Polycystic kidney disease (PKD) is characterized by the abnormal growth of epithelial-lined cysts from the nephrons and collecting ducts of affected kidneys . PKD is associated with dramatic increases in kidney size, starting before birth, which results from the unrelenting growth of thousands of fluid-filled cysts, many undergoing massive enlargement. As cysts grow, they compress neighboring tubules and capillary circulation, causing kidney cell loss and promoting the development of fibrosis, destroying the surrounding kidney tissue.
Polycystic Kidney Disease (PKD) has been reported in many species. However, English Bull Terriers, Persian and Exotic cats, wild felids, humans and rats suffer from a very similar disease in terms of mode of inheritance, age of onset, clinical signs and renal pathology. In addition, cystic renal disease has been described in sheep, zebra fish, ferrets, rabbits, swine and cattle.
Cats affected by this potentially lethal congenital renal disorder have many cysts within the kidney filled with fluids. This enlages the kidney, reducing its ability to function properly. PKD is seen equally in males and females. The cysts gradually increase in size and crowd out the normal kidney tissue. The disease is usually fatal. Hepatic and pancreatic cysts also can be seen in cats with PKD. As cats age, additional renal (chronic tubulointerstitial nephritis) and hepatic lesions (hepatic fibrosis) occur. Renal failure in these cats has an average age of onset of 7 years and is associated with azotemia, hyperphosphatemia, isosthenuria, nonregenerative anemia, and metabolic acidosis.4
Polycystic Kidney Disease is caused by a defective gene in Persians and exotic short-haired breeds. PKD in Persians and Exotic breed is estimated at 30–38% worldwide. Every cat with the gene will have polycystic kidneys. Some of the clinical signs are depression, lack of or reduced appetite, excessive thirst, excessive urination, and weight loss.

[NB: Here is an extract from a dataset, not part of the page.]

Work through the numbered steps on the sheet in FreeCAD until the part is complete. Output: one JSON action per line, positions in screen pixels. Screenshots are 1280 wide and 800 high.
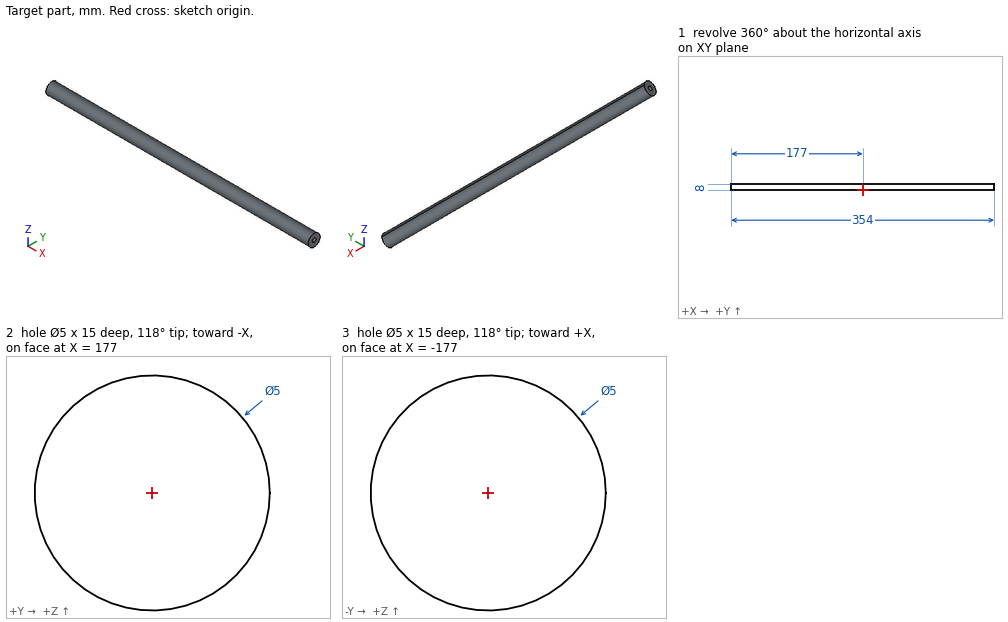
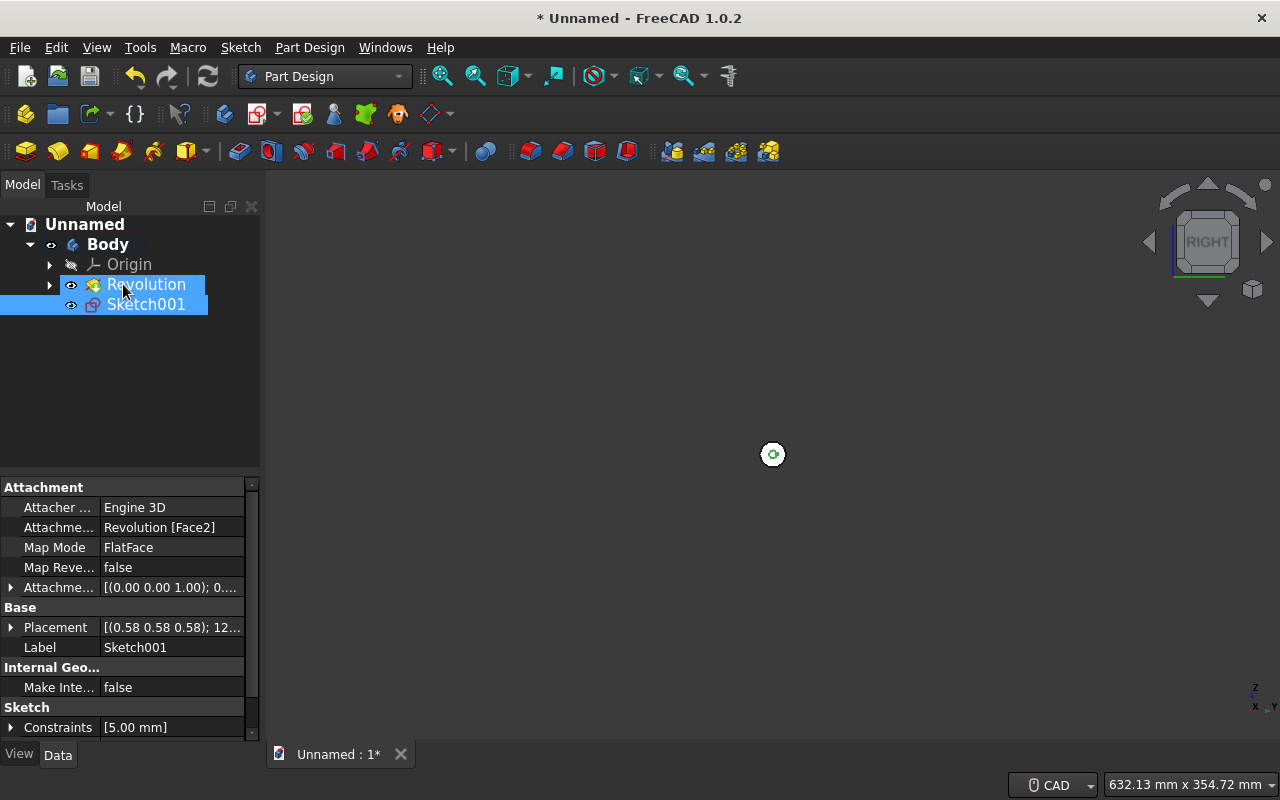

It has been established that decreased intracellular calcium levels can transform normal cells into PKD-like cells.
Currently the only practical way to identify affected cats has been by ultrasound scanning of the kidneys when a kitten is at least 10 months old. At this age the screening has a 95% accuracy. Before that age, the cysts may be too small to accurately identify and a false clearance may be given. As the kidneys fail, only supportive measures can be provided to make the cat more comfortable and to try to slow down the progression of the disease through changes in the diet.
Because the Selkirk Rex is so closely related to the Persian breed family, diseases, such as hypertrophic cardiomyopathy, polycystic kidney disease, and problems associated with a more than moderate degree of brachycephalic, head shape should be monitored in the Selkirk Rex.3
- Genetic testing in domestic cats. Leslie A. Lyons Mol Cell Probes. 2012 Dec; 26(6): 224–230.
- Pathology in Captive Wild Felids at German Zoological Gardens. Johannes Junginger et al. PLoS One. 2015; 10(6): e0130573.
- Selkirk Rex: Morphological and Genetic Characterization of a New Cat Breed. Serina Filler, Hasan Alhaddad, Barbara Gandolfi, Jennifer D. Kurushima, Alejandro Cortes, Christine Veit, Leslie A. Lyons, and Gottfried Brem. J Hered. 2012 Sep-Oct; 103(5): 727–733.
- Cystic Renal Disease in the Domestic Ferret
Courtnye N Jackson, Arlin B Rogers, Kirk J Maurer, Jennifer LS Lofgren, James G Fox,* Robert P Marini Comp Med. 2008 Apr; 58(2): 161–167.
- Polycystic Kidney Disease. Li X, editor. Codon Publications; 2015 Nov.